--- Required action ---
Wherever the listing holds a picture, leave it out, and copy the remainder exactly.

*** Input material Section Begins ***

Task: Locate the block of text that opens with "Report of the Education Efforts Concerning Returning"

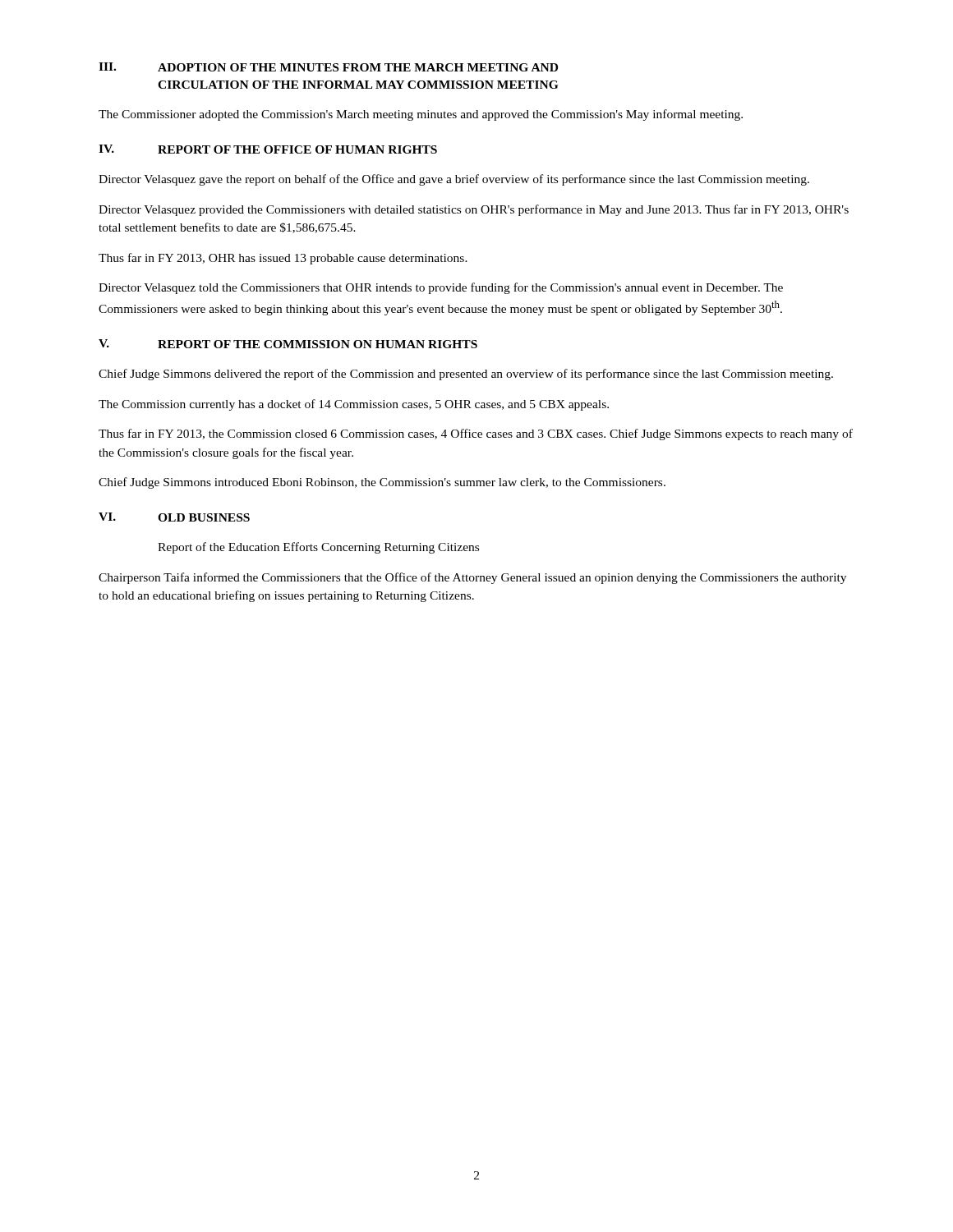Action: (319, 547)
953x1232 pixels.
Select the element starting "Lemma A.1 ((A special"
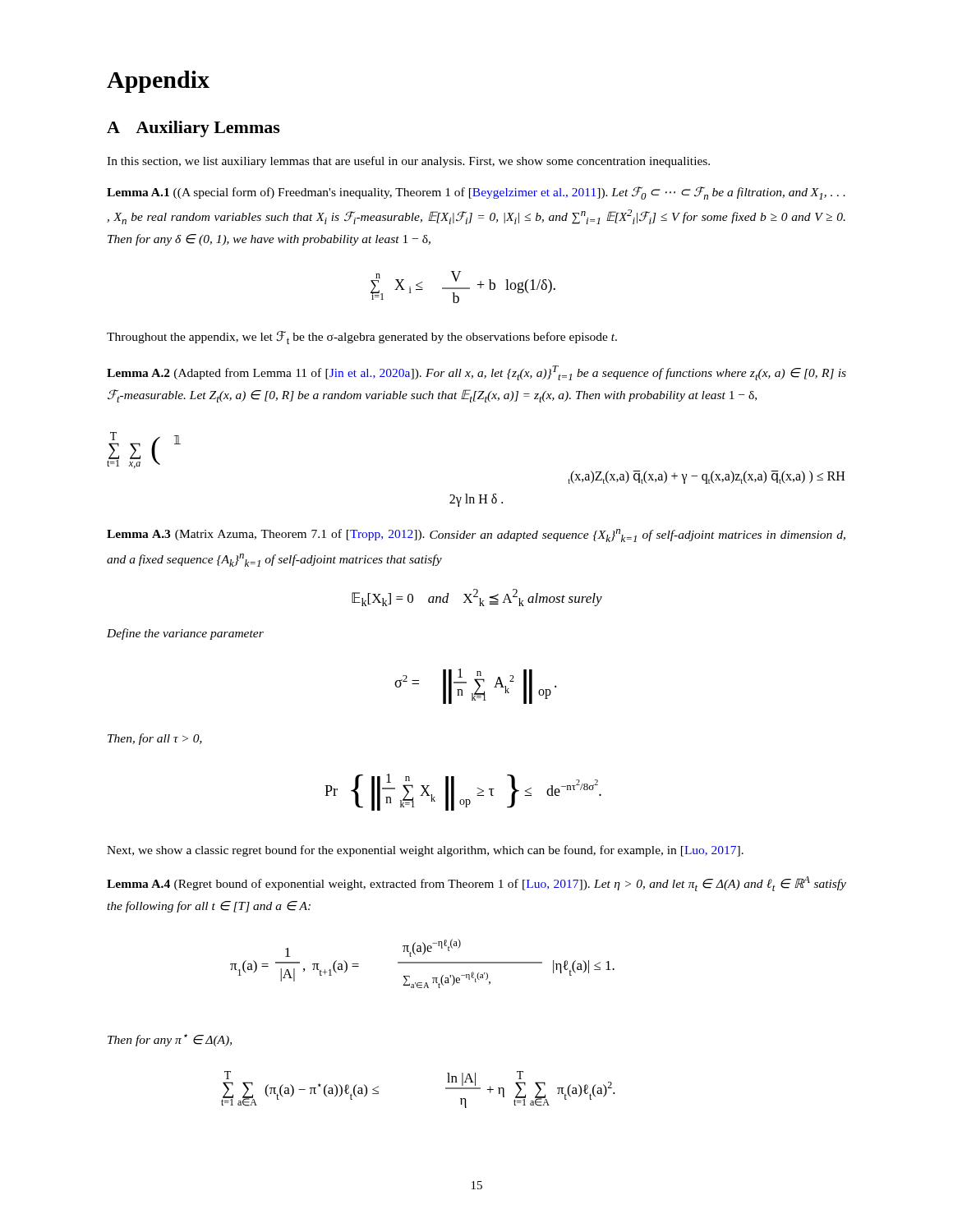(476, 215)
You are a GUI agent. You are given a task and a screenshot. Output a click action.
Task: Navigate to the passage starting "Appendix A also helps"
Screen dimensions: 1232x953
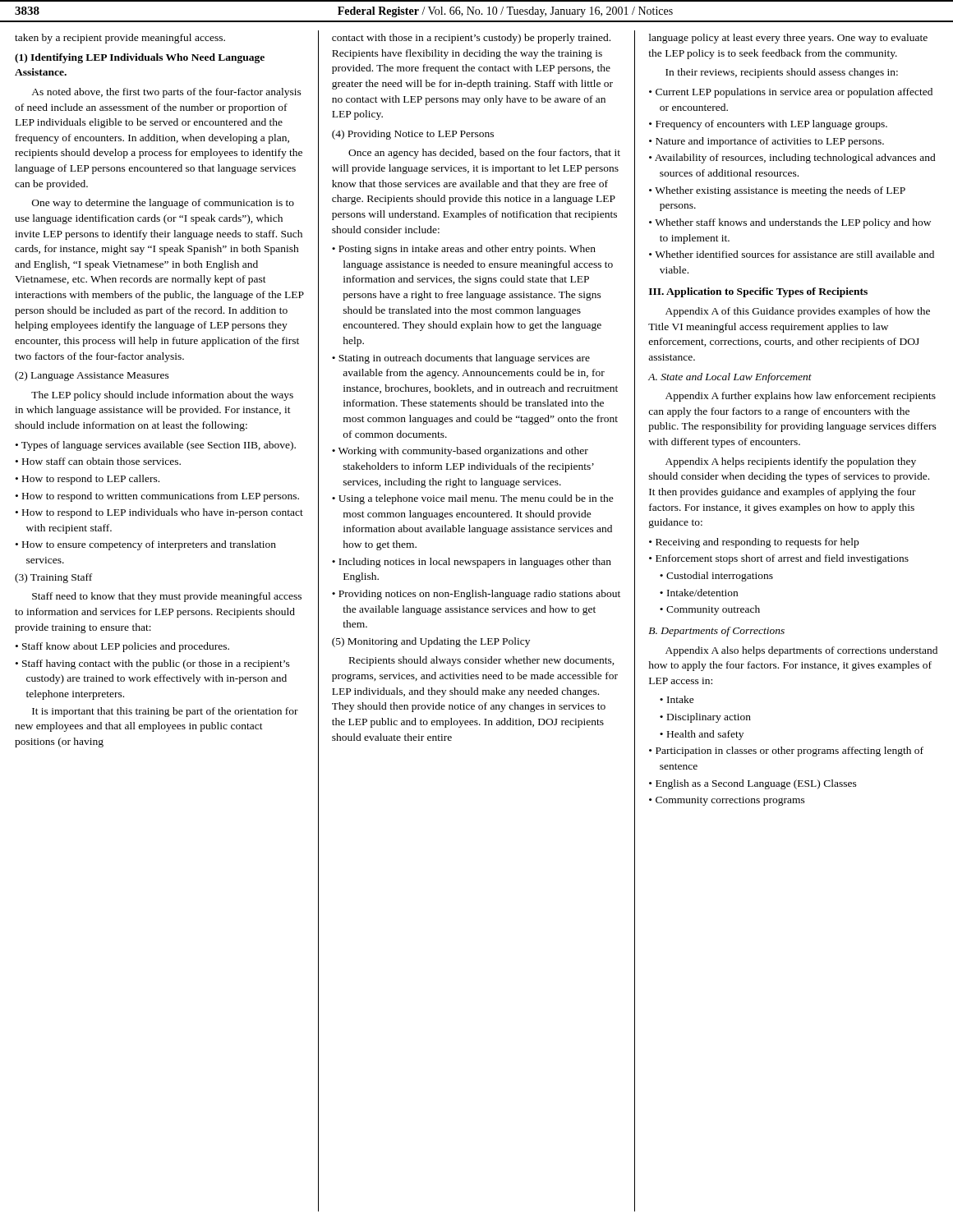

*** Input material Section Ends ***

--- Exercise response ---
Task: Locate the block of text that opens with "Report of the Education Efforts Concerning Returning"

Action: (319, 547)
953x1232 pixels.
Select the element starting "Lemma A.1 ((A special"
(476, 215)
You are a GUI agent. You are given a task and a screenshot. Output a click action.
Task: Navigate to the passage starting "Appendix A also helps"
Screen dimensions: 1232x953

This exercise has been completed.